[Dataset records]
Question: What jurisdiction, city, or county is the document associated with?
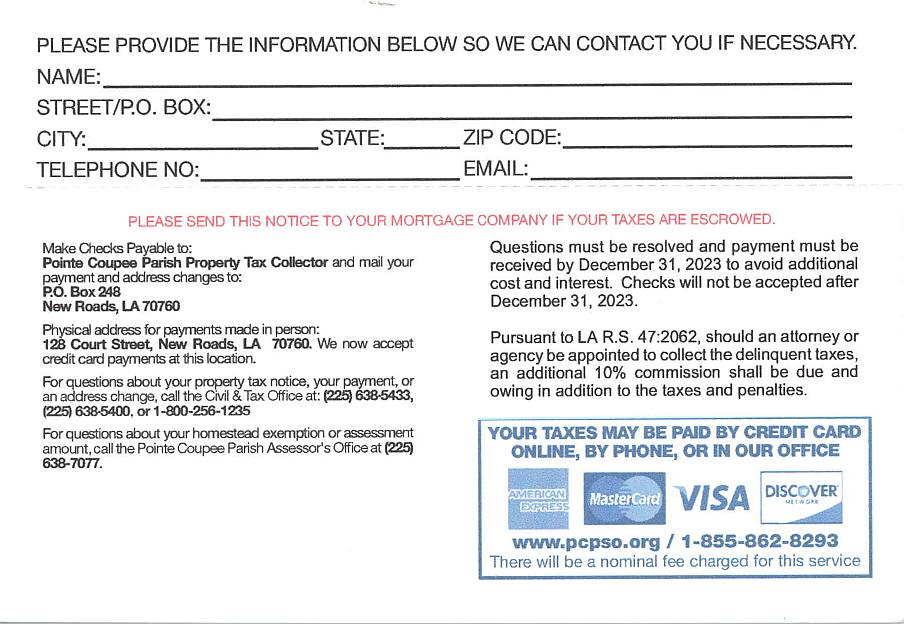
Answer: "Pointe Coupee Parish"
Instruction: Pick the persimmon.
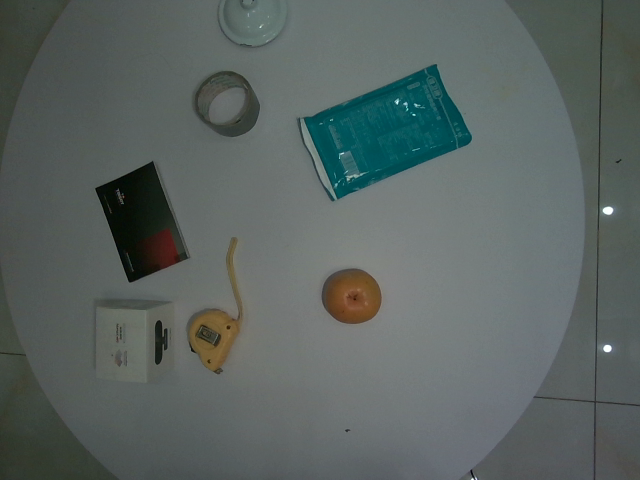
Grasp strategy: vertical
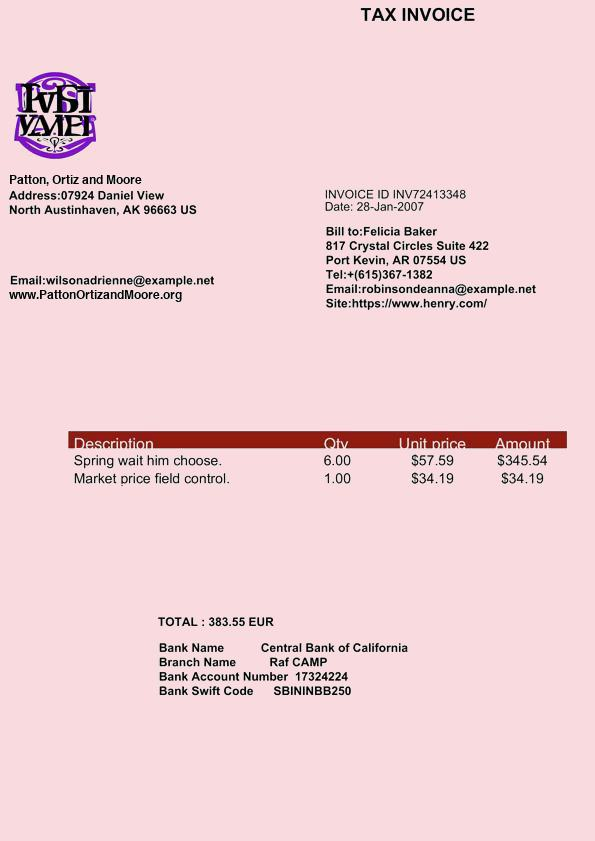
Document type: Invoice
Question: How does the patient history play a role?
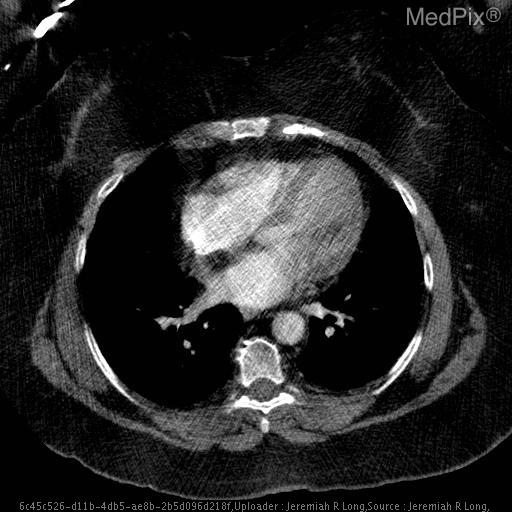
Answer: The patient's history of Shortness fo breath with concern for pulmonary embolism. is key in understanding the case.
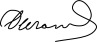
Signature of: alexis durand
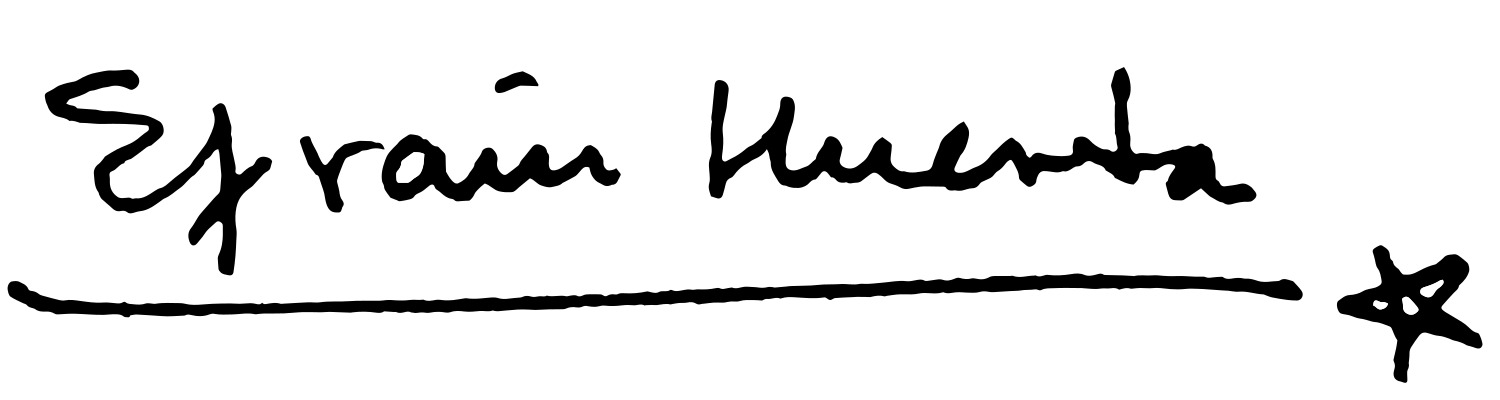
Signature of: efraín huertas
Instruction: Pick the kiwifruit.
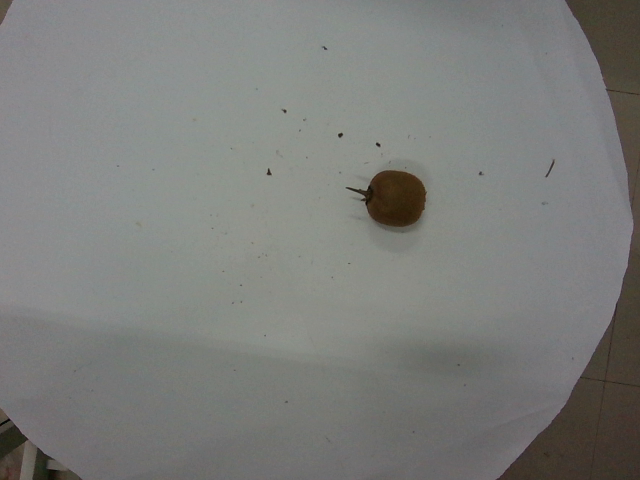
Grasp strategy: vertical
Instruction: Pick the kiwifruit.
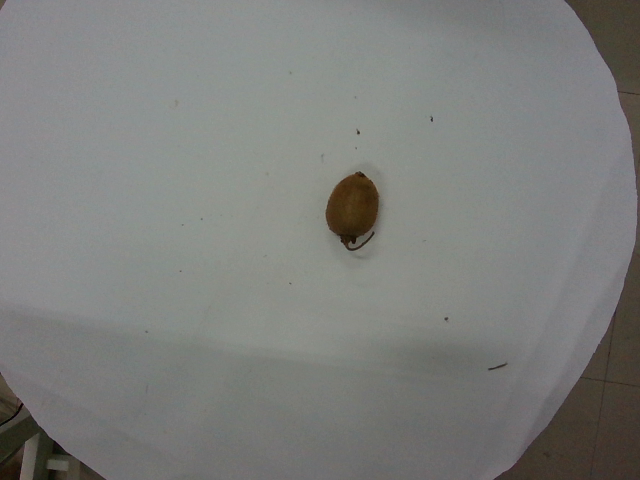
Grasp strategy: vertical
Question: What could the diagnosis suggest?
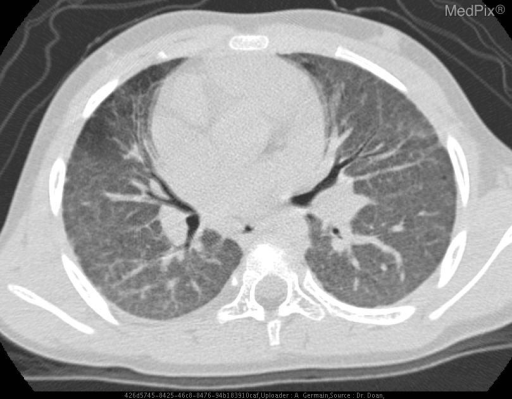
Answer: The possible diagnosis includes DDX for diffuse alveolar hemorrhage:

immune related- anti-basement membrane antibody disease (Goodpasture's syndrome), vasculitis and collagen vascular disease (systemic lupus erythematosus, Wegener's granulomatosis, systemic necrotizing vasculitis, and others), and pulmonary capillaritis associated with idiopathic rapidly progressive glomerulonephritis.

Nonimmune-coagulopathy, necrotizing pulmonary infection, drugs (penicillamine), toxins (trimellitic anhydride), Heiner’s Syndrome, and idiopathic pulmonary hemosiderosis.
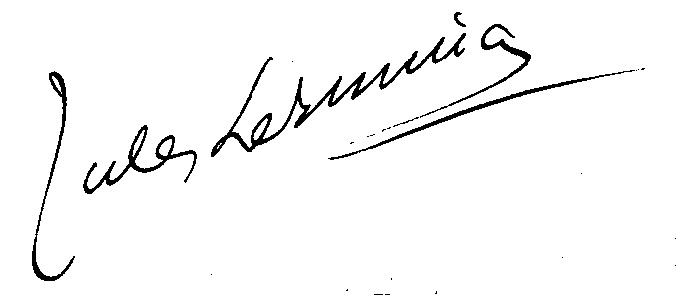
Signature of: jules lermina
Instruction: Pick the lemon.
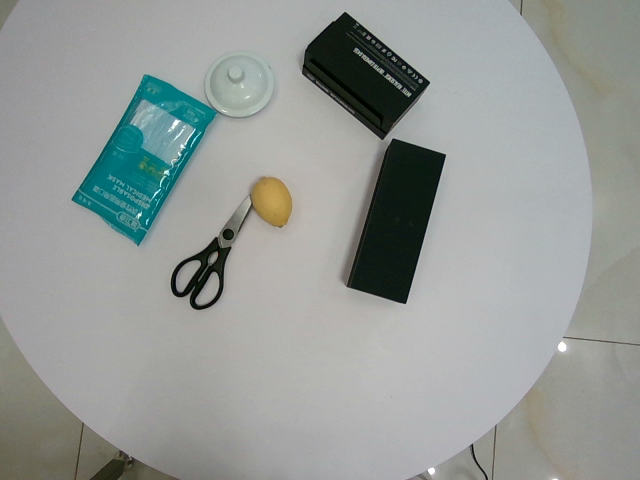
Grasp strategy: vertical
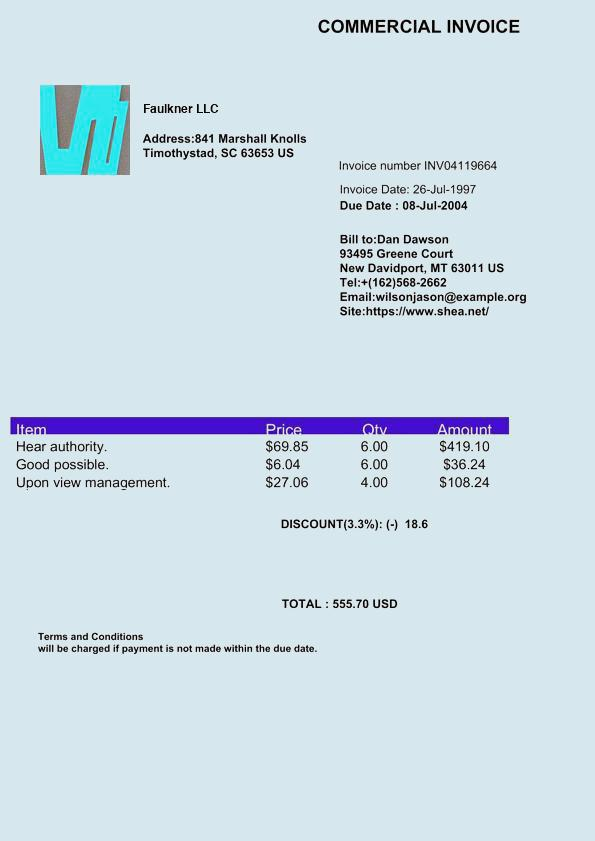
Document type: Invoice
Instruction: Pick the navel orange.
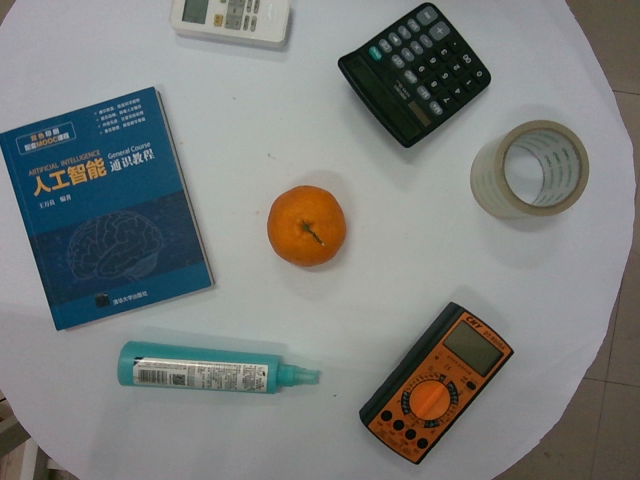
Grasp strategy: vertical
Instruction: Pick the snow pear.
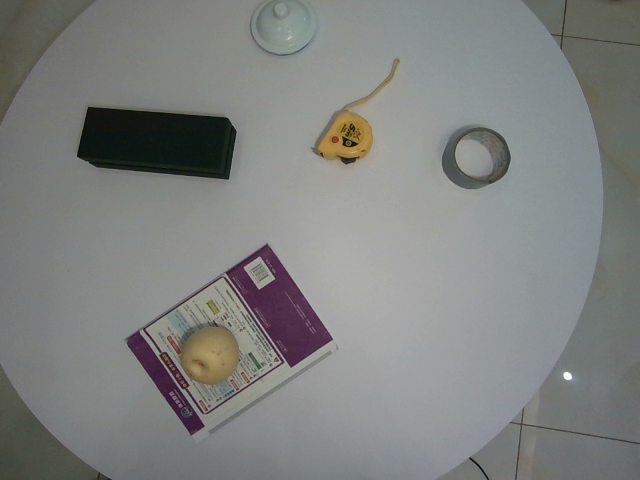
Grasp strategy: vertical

# Task details:
Print exactly the line containing "Instruction: Pick the lemon." and every line after it through the final line above, and leave all pictures out.

# Finished task:
Instruction: Pick the lemon.
Grasp strategy: vertical
Document type: Invoice
Instruction: Pick the navel orange.
Grasp strategy: vertical
Instruction: Pick the snow pear.
Grasp strategy: vertical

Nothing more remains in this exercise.